Remove as much air as possible from the container before closing it
Step 2. Process the potatoes stored at room temperature for 1-2 hours
If the potatoes are going to be cooked soon, there is no need to store them in the refrigerator. Instead, simply place the container of potatoes on the kitchen counter and drain the water before cooking the potatoes. Supposedly, the color of the potatoes will not change too much in such a short period of time.
Storing potatoes at room temperature is beneficial if you prefer to prepare all the ingredients at the same time before processing them
Step 3. Store the potatoes in the refrigerator for up to 24 hours
If the potatoes don't need to be cooked right away, don't forget to put the container on the middle shelf of the refrigerator and let it sit overnight. When you use it, don't forget to drain the soaking water first.
Potatoes soaked in water for more than a day can end up being too moist. As a result, the taste and texture are prone to change when cooked
Step 4. Change the water as necessary
Sometimes, what will change is the color of the soaking water, not the color of the potatoes. If that's the case, simply drain the water through a slotted sieve, then put the potatoes back in the bowl and cover the surface with fresh, clean water.
- If left submerged in dirty water, potatoes will reabsorb the enzymes that make them brown under normal conditions.
- Most of the enzymes in potatoes are released in the first few hours.

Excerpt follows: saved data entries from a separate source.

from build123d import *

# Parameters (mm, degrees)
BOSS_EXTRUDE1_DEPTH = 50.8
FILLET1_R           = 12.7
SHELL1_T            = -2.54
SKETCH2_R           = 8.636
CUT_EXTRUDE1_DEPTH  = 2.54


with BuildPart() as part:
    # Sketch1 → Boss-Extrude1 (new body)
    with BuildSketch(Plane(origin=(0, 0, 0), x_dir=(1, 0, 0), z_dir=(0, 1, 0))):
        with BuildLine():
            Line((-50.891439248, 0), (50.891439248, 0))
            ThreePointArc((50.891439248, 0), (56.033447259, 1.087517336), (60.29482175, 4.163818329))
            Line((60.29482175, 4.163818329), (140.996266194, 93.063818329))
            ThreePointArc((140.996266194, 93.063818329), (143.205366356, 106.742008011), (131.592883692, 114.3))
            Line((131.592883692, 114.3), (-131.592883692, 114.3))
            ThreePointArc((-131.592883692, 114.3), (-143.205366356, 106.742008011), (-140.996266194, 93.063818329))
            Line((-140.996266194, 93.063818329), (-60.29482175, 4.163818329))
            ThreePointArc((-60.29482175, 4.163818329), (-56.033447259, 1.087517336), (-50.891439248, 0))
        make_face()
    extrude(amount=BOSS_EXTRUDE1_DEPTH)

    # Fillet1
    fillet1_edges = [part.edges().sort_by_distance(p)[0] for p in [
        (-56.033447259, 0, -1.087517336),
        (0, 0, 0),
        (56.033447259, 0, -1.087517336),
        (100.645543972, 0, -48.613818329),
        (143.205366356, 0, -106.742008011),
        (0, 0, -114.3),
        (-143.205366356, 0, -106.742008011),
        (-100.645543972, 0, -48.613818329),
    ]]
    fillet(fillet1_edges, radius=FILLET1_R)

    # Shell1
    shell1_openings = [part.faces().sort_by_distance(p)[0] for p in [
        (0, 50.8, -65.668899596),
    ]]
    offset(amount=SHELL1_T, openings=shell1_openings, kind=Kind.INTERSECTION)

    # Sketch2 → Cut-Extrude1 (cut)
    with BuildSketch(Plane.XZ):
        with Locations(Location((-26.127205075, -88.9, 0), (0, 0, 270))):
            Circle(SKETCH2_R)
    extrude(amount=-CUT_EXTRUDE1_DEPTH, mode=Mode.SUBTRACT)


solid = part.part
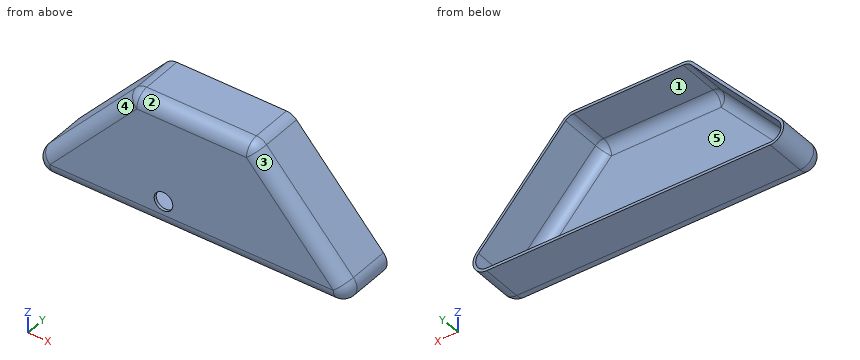
CAD build for the part. Positions are in the model's coordinates, mm. Face numbers are marked on the shaded views. A direction names the side the tool comes from. Coordinates: 2 decimals unless noted, no trailing zeros. Loops run counter-clockwise (first coordinate to the right, second up) from the corner with the lowest first, then second, coordinate; pieces in that order, holes last. Notation, with made-up numbers: (50, 61.5) -> (87, 61.5) arc R13 ccw to (87, 67.5) -> close; hole circle Ø6 at (72, 11.25). An arc over 180 degrees is marked (long way). One line per item, written item: value.
1. Drill centre lines: line 1 (X direction, y = 45, z = -102) (3 decimals); line 2 (Z direction, x = -52, y = 40); line 3 (Z direction, x = 2, y = 49). Where is each one in solid material? Low to high. Write a range as [from, to].
Answers:
line 1: x = [-144.287, -141.745], [141.745, 144.287]
line 2: z = [-114.3, -111.76], [-2.6, -0.05]
line 3: z = [-114.3, -111.76], [-2.54, 0]
2. Slice it at C-C on y = 9. Write the cut outline in (x, z), and give its area (3 significant figures).
Answers:
outline: (-140.59, -93.43) arc R12.15 ccw to (-131.59, -113.75) -> (131.59, -113.75) arc R12.15 ccw to (140.59, -93.43) -> (59.89, -4.53) arc R12.15 ccw to (50.89, -0.55) -> (-50.89, -0.55) arc R12.15 ccw to (-59.89, -4.53) -> close; hole (-138.6, -95.24) arc R9.46 ccw to (-131.59, -111.06) -> (131.59, -111.06) arc R9.46 ccw to (138.6, -95.24) -> (57.9, -6.34) arc R9.46 ccw to (50.89, -3.24) -> (-50.89, -3.24) arc R9.46 ccw to (-57.9, -6.34) -> close
area: 1,810 mm^2
3. Flat gauge pins, fed straight in: P1, Ø2, axis at x = -99, y = 25, coming from the +Z side; P2, Ø12, axis at y = 29.5, z = -15.5, coming from the -X side; P3, Ø2, axis at x = -44.5, z = -35, coming from the +Y side; P4, Ø10.5, axis at x = -26.13, z = -88.9, coming from the +Y side. Where does each tip first touch, or does it go through?
Answers:
P1: stops at z = -45.7
P2: stops at x = -76.03
P3: stops at y = 2.54
P4: passes through
4. Slice it at A-A on y = 27. Write the cut outline in (x, z), and give its area (3 significant figures).
Answers:
outline: (-141, -93.06) arc R12.7 ccw to (-131.59, -114.3) -> (131.59, -114.3) arc R12.7 ccw to (141, -93.06) -> (60.29, -4.16) arc R12.7 ccw to (50.89, 0) -> (-50.89, 0) arc R12.7 ccw to (-60.29, -4.16) -> close; hole (-139.12, -94.77) arc R10.16 ccw to (-131.59, -111.76) -> (131.59, -111.76) arc R10.16 ccw to (139.12, -94.77) -> (58.41, -5.87) arc R10.16 ccw to (50.89, -2.54) -> (-50.89, -2.54) arc R10.16 ccw to (-58.41, -5.87) -> close
area: 1,720 mm^2
5. Pull direction X, two halves, no side cores. Call the marked faces 1, 2 and 3: pulls with the +X half, pulls with the -X half, needs draft (parallel to the pull), parting line crosses it, or undercut.
Answers:
face 1: undercut
face 2: needs draft
face 3: pulls with the +X half
6. Which spindle directions (+Z, -Z, +X, -X, +Y, -Y) get a long thin tool onto all of the face, cutting with end or side? Do the marked faces 4 and 5. Say none if no direction does.
Answers:
face 4: +Z, -X, -Y
face 5: +Y
7. Slice it at B-B on x = 38. Write the cut outline in (y, z).
Answers:
outline: (0, -101.6) arc R12.7 ccw to (12.7, -114.3) -> (50.8, -114.3) -> (50.8, -111.76) -> (12.7, -111.76) arc R10.16 cw to (2.54, -101.6) -> (2.54, -12.7) arc R10.16 cw to (12.7, -2.54) -> (50.8, -2.54) -> (50.8, 0) -> (12.7, 0) arc R12.7 ccw to (0, -12.7) -> close
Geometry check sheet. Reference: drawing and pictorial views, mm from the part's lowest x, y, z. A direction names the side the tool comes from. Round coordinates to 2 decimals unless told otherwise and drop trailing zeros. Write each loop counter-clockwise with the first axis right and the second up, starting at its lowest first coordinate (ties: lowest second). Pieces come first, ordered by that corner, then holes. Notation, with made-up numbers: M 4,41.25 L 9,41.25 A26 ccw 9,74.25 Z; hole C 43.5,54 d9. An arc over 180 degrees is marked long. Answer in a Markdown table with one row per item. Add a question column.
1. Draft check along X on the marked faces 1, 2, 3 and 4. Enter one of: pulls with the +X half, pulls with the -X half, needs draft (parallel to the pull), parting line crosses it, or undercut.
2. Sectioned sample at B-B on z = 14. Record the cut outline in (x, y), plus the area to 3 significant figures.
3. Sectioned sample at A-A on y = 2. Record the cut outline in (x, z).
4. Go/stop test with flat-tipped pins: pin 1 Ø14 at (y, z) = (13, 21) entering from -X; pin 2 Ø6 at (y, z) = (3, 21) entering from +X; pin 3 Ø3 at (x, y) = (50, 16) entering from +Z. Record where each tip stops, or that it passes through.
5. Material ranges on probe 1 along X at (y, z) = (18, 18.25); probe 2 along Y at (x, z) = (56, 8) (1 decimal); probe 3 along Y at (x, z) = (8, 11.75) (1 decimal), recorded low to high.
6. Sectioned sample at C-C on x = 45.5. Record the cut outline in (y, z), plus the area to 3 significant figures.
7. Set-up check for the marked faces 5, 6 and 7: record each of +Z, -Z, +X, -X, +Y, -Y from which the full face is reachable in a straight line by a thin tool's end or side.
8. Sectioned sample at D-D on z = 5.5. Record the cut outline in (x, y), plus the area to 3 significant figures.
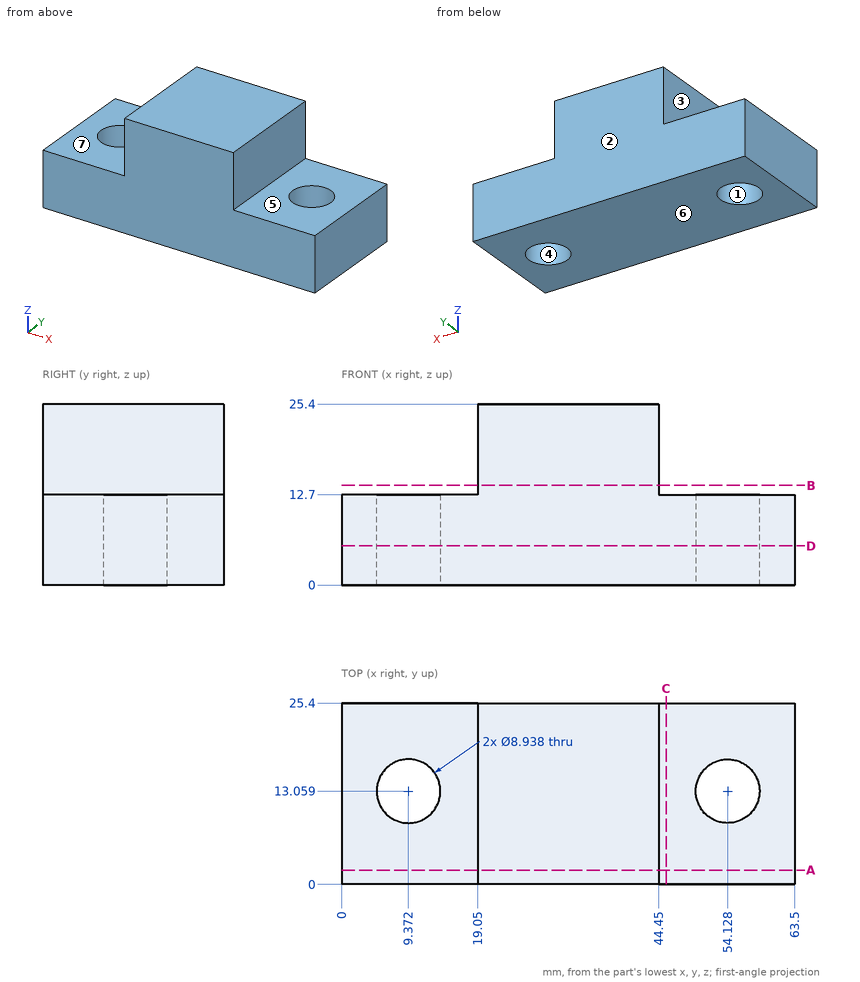
Geometry check:
| question | item | result |
|---|---|---|
| 1 | face 1 | undercut |
| 1 | face 2 | needs draft |
| 1 | face 3 | pulls with the -X half |
| 1 | face 4 | undercut |
| 2 | outline | M 19.05,0 L 44.45,0 L 44.45,25.4 L 19.05,25.4 Z |
| 2 | area | 645 mm2 |
| 3 | outline | M 0,0 L 63.5,0 L 63.5,12.7 L 44.45,12.7 L 44.45,25.4 L 19.05,25.4 L 19.05,12.7 L 0,12.7 Z |
| 4 | pin 1 | stops at x = 19.05 |
| 4 | pin 2 | stops at x = 44.45 |
| 4 | pin 3 | stops at z = 12.7 |
| 5 | probe 1 | x = 19.05 to 44.45 |
| 5 | probe 2 | y = 0 to 9, 17.1 to 25.4 |
| 5 | probe 3 | y = 0 to 8.8, 17.3 to 25.4 |
| 6 | outline | M 0,0 L 25.4,0 L 25.4,12.7 L 0,12.7 Z |
| 6 | area | 323 mm2 |
| 7 | face 5 | +Z, +X, +Y, -Y |
| 7 | face 6 | -Z, +X, -X, +Y, -Y |
| 7 | face 7 | +Z, -X, +Y, -Y |
| 8 | outline | M 0,0 L 63.5,0 L 63.5,25.4 L 0,25.4 Z; hole C 9.37,13.06 d8.94; hole C 54.13,13.06 d8.94 |
| 8 | area | 1,490 mm2 |
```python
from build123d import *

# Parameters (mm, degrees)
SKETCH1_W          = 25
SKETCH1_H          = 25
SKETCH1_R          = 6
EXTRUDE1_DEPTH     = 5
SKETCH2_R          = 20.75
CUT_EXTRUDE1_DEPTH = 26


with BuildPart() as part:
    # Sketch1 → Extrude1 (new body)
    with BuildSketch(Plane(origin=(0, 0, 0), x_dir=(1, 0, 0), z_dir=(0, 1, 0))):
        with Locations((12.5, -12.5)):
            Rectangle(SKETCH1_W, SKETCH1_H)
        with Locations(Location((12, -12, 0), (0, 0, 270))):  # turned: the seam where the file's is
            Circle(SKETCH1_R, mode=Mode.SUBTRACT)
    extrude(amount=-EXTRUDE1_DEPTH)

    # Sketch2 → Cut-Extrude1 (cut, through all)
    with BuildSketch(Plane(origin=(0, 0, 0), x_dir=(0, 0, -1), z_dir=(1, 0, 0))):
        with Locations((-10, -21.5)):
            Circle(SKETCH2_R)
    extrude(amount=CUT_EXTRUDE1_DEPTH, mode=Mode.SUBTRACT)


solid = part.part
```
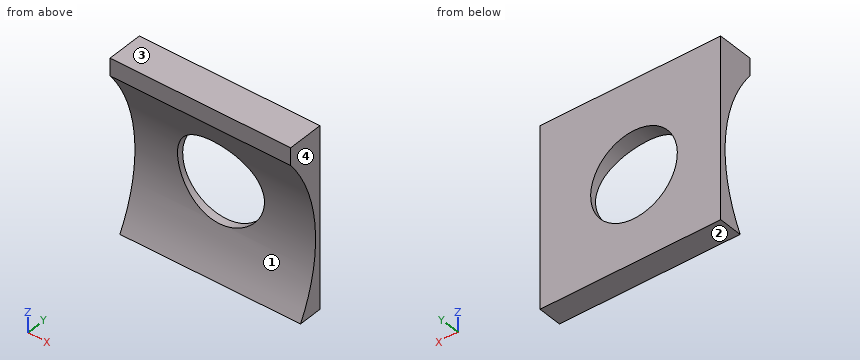
Here's how the part is built. I have some questions about the finished solid (model axes, mm). Face numbers are marked on the shaded views. Round coordinates to 2 decimals unless told otherwise and drop trailing zeros. Write each loop counter-clockwise with the first axis right and the second up, starting at its lowest first coordinate (ties: lowest second). Pieces come first, ordered by that corner, then holes.
Q1. If we section it at B-B on y = -2.05: Write out the boundary of the cut face in (x, z), plus the area to 3 significant figures.
Q2. If we section it at D-D on x = 4.5: Write out the boundary of the cut face in (y, z).
Q3. If we section it at A-A on x = 15: Write out the boundary of the cut face in (y, z), plus the area to 3 significant figures.
Q4. If we mould it in two halves opening along Z, with no side actions, what happens to the marked faces 1, 2, 3 and 4? For each: +Z half, -Z half, draft (parallel to the pull), parting line (faces both ways), or undercut.
Q5. If we section it at C-C on z = 13.5: Write out the boundary of the cut face in (x, y), plus the area to 3 significant figures.
Q6. Please list where these lines run through material, in increasing order: probe 1 along X at (y, z) = (-0.75, 12); probe 2 along Z at (x, y) = (14, -0.2).
Answer below:
1. outline: (0, 0) - (25, 0) - (25, 2.77) - (0, 2.77) - close; (0, 17.23) - (9.06, 17.23) arc R6 cw to (14.94, 17.23) - (25, 17.23) - (25, 25) - (0, 25) - close
1. area: 260 mm2
2. outline: (-5, 22.58) arc R20.75 cw to (-3.32, 0) - (0, 0) - (0, 25) - (-5, 25) - close
3. outline: (-5, 22.58) arc R20.75 cw to (-2.04, 17.2) - (0, 17.2) - (0, 25) - (-5, 25) - close; (-3.32, 0) - (0, 0) - (0, 6.8) - (-1, 6.8) arc R20.75 cw to start
3. area: 43.3 mm2
4. face 1: undercut
4. face 2: -Z half
4. face 3: +Z half
4. face 4: draft
5. outline: (0, -1.05) - (6.19, -1.05) - (6.19, 0) - (0, 0) - close; (17.81, -1.05) - (25, -1.05) - (25, 0) - (17.81, 0) - close
5. area: 14.0 mm2
6. probe 1: x = 0 to 6, 18 to 25
6. probe 2: z = 0 to 6.34, 17.66 to 25
Autodesk Inventor part; units mm, degrees
ref_plane "YZ Plane" through (0, 0, 0) normal (1, 0, 0) x (0, 1, 0)
ref_plane "XZ Plane" through (0, 0, 0) normal (0, 1, 0) x (-1, 0, 0)
ref_plane "XY Plane" through (0, 0, 0) normal (0, 0, 1) x (1, 0, 0)
sketch "スケッチ1" plane through (0, 0, 0) normal (0, 0, 1) x (1, 0, 0)
  line L0 (-56.5, -17) -> (56.5, -17)
  line L1 (56.5, -17) -> (56.5, 17)
  line L2 (56.5, 17) -> (-56.5, 17)
  line L3 (-56.5, 17) -> (-56.5, -17)
  line L4 (-56.5, -17) -> (56.5, 17) construction
  line L5 (56.5, -17) -> (-56.5, 17) construction
  point P0 (0, 0)
  dimension "d0" = 113
  dimension "d1" = 34
extrude "押し出し1" add sketch "スケッチ1" along normal blind 14
mirror "ミラー1" about plane through (0, 0, 0) normal (0, 0, -1) of "押し出し1"
fillet "フィレット1" radius 14 2 edges at (-56.5, 0, 14) (-56.5, 0, -14)
fillet "フィレット2" radius 2 2 edges at (56.5, 0, 14) (56.5, 0, -14)
properties part number "バッテリー(G6 HI-VOLTAGE 2400MAH 3S 80CMAX LIPO)"
Geometry: final body of the model. Coordinates: model frame, mm. Give positions to 0.01 mm unless a question says otherwise; leave off trailing zeros. Write each loop counter-clockwise with the first axis right and the second up, starting at its lowest first coordinate (ties: lowest second). Pieces come first, ordered by that corner, then holes. Notation, with made-up numbers: M 45.5,87 L 57.5,87 A31 cw 57.5,112 Z; hole C -3,76.5 d1. An arc over 180 degrees is marked long. Answer in a Markdown table with one row per item. Add a question column.
(1) Section B-B on z = 9.75. Return loops of the section in (x, y).
(2) First-contact query: pin 1 (3 mm diameter, centred on y = 6.5, z = 8, fed in from -X). Flat tip, straight axial feed; report the tip coordinate or a pass-through.
(3) Ray query, line 1 (X direction, y = 5, z = 9.25); line 2 (X direction, y = -10, z = -5.75). Return the intervals inside material, ascending.
(4) Section C-C on x = -47. Return loops of the section in (y, z).
Result set:
| question | item | result |
|---|---|---|
| 1 | outline | M -52.55,-17 L 56.5,-17 L 56.5,17 L -52.55,17 Z |
| 2 | pin 1 | stops at x = -54.9 |
| 3 | line 1 | x = -53.01 to 56.5 |
| 3 | line 2 | x = -55.26 to 56.5 |
| 4 | outline | M -17,-13.26 L 17,-13.26 L 17,13.26 L -17,13.26 Z |
Check sheet for the modelled part. Datum: model origin and axes. Units: mm. A direction names the side the tool comes from. Round coordinates to 2 decimals unless told otherwise and drop trailing zeros. Write each loop counter-clockwise with the first axis right and the second up, starting at its lowest first coordinate (ties: lowest second). Pieces come first, ordered by that corner, then holes. Notation, with made-up numbers: (64, 63) -> (72, 63) arc R19 ccw to (72, 93) -> close; hole circle Ø10 at (22.5, 86). An arc over 180 degrees is marked (long way). One line per item, written item: value. Start each with the question number.
```python
from build123d import *

# Parameters (mm, degrees)
EXTRUDE_1_DEPTH     = 6
SKETCH_2_R          = 3.5
CUT_EXTRUDE_1_DEPTH = 73.360210061
SKETCH_3_W          = 40
SKETCH_3_H          = 20
CUT_EXTRUDE_2_DEPTH = 121


with BuildPart() as part:
    # 草图1 → 凸台-拉伸1 (new body)
    with BuildSketch(Plane.XY):
        with BuildLine():
            Line((-52, -40), (52, -40))
            ThreePointArc((52, -40), (57.656854249, -37.656854249), (60, -32))
            Line((60, -32), (60, 32))
            ThreePointArc((60, 32), (57.656854249, 37.656854249), (52, 40))
            Line((52, 40), (-52, 40))
            ThreePointArc((-52, 40), (-57.656854249, 37.656854249), (-60, 32))
            Line((-60, 32), (-60, -32))
            ThreePointArc((-60, -32), (-57.656854249, -37.656854249), (-52, -40))
        make_face()
    extrude(amount=EXTRUDE_1_DEPTH)

    # 草图2 → 切除-拉伸1 (cut, through all)
    with BuildSketch(Plane.XY):
        with Locations((-48, -28)):
            Circle(SKETCH_2_R)
        with Locations((-48, 28)):
            Circle(SKETCH_2_R)
        with Locations((48, -28)):
            Circle(SKETCH_2_R)
        with Locations((48, 28)):
            Circle(SKETCH_2_R)
    extrude(amount=CUT_EXTRUDE_1_DEPTH, mode=Mode.SUBTRACT)

    # 草图3 → 切除-拉伸2 (cut, symmetric)
    with BuildSketch(Plane.XY):
        Rectangle(SKETCH_3_W, SKETCH_3_H)
    extrude(amount=CUT_EXTRUDE_2_DEPTH, both=True, mode=Mode.SUBTRACT)


solid = part.part
```
1. Cross-section at C-C (y = 28). Record the cut outline in (x, z).
2. Material ranges on probe 1 along X at (y, z) = (-28, 1.6); probe 2 along Y at (x, z) = (48, 1.5); probe 3 along Y at (x, z) = (-51, 5.55), recorded low to high.
3. Cross-section at B-B (x = 48). Record the cut outline in (y, z), plus the area to 3 significant figures.
4. Release check for a two-part mould opening along Y. For faces 1 (the face through (-57.594, 37.719, 2.958)), 2 (the face through (-1, 18, 6)), 3 (the face through (45.42, -25.635, 2.958)) record: +Y half, -Y half, draft (parallel to the pull), parting line (faces both ways), or undercut.
5. Cross-section at D-D (z = 4.8). Record the cut outline in (x, y).
6. Cross-section at A-A (x = 2). Record the cut outline in (y, z), plus the area to 3 significant figures.
7. Depth check by flat-ended pin: pin 1 Ø8 at (x, y) = (-48, 28) entering from +Z. Enter the tip coordinate at first touch or a pass-through.
8. Access from +Z, -Z, +X, -X, +Y, -Y to the whole of each face (thin tool, end or side, straight path). Record for faces 4 (the face through (0, -10, 3)), 5 (the face through (-1, -40, 3)).
Working result:
1. outline: (-60, 0) -> (-51.5, 0) -> (-51.5, 6) -> (-60, 6) -> close; (-44.5, 0) -> (44.5, 0) -> (44.5, 6) -> (-44.5, 6) -> close; (51.5, 0) -> (60, 0) -> (60, 6) -> (51.5, 6) -> close
2. probe 1: x = -60 to -51.5, -44.5 to 44.5, 51.5 to 60
2. probe 2: y = -40 to -31.5, -24.5 to 24.5, 31.5 to 40
2. probe 3: y = -40 to -29.8, -26.2 to 26.2, 29.8 to 40
3. outline: (-40, 0) -> (-31.5, 0) -> (-31.5, 6) -> (-40, 6) -> close; (-24.5, 0) -> (24.5, 0) -> (24.5, 6) -> (-24.5, 6) -> close; (31.5, 0) -> (40, 0) -> (40, 6) -> (31.5, 6) -> close
3. area: 396 mm^2
4. face 1: +Y half
4. face 2: draft
4. face 3: undercut
5. outline: (-60, -32) arc R8 ccw to (-52, -40) -> (52, -40) arc R8 ccw to (60, -32) -> (60, 32) arc R8 ccw to (52, 40) -> (-52, 40) arc R8 ccw to (-60, 32) -> close; hole circle Ø7 at (-48, -28); hole circle Ø7 at (-48, 28); hole (-20, -10) -> (20, -10) -> (20, 10) -> (-20, 10) -> close; hole circle Ø7 at (48, -28); hole circle Ø7 at (48, 28)
6. outline: (-40, 0) -> (-10, 0) -> (-10, 6) -> (-40, 6) -> close; (10, 0) -> (40, 0) -> (40, 6) -> (10, 6) -> close
6. area: 360 mm^2
7. pin 1: stops at z = 6
8. face 4: +Z, -Z
8. face 5: +Z, -Z, +X, -X, -Y
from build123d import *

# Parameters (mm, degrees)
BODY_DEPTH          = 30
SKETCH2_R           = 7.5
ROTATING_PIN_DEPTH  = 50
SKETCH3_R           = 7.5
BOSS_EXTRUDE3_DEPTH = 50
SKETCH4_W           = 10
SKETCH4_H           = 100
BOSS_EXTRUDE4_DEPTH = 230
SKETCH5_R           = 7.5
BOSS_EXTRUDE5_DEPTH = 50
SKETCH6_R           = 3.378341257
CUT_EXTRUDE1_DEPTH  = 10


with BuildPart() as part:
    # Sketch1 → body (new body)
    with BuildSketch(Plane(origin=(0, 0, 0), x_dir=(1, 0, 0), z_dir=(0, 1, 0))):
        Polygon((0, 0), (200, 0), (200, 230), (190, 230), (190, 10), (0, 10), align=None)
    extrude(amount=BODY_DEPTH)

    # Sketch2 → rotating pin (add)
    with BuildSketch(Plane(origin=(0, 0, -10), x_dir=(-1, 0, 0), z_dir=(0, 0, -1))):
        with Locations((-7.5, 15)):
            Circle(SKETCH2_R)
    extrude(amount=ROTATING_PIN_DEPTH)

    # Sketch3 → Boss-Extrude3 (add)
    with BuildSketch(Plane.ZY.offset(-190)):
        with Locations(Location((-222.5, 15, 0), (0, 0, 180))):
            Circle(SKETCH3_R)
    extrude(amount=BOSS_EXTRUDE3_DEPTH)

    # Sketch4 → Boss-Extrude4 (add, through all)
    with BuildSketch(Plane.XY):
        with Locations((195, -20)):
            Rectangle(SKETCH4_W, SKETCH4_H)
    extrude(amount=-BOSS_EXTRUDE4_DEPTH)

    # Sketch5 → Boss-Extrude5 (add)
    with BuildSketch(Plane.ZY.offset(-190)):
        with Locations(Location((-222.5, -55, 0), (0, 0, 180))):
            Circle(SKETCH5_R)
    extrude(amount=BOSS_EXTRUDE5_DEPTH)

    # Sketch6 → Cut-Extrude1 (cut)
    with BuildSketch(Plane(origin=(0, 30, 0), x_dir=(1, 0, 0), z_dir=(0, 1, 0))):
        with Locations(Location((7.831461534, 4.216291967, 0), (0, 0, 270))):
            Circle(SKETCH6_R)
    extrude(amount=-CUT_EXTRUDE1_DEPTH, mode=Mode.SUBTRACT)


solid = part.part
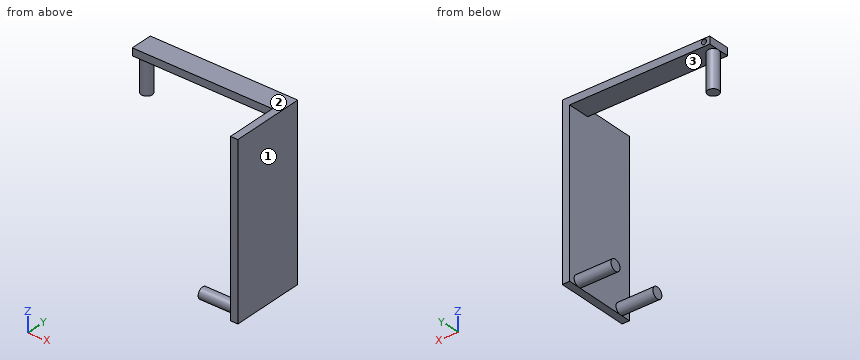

Therefore, it is likely that the potato bath water will only need to be changed once.
Tips
- Use a vegetable peeler to remove any remaining unpeeled potato skin before soaking the potatoes.
- Peel, slice, and soak the potatoes the day before if they have to be cooked in large portions the next day.
- To produce a crispy textured potato (like potato chips), it is best to slice the potato just before cooking.
- If the potatoes are cleaned properly and the soaking water is changed every day, chances are it will last up to 3 days.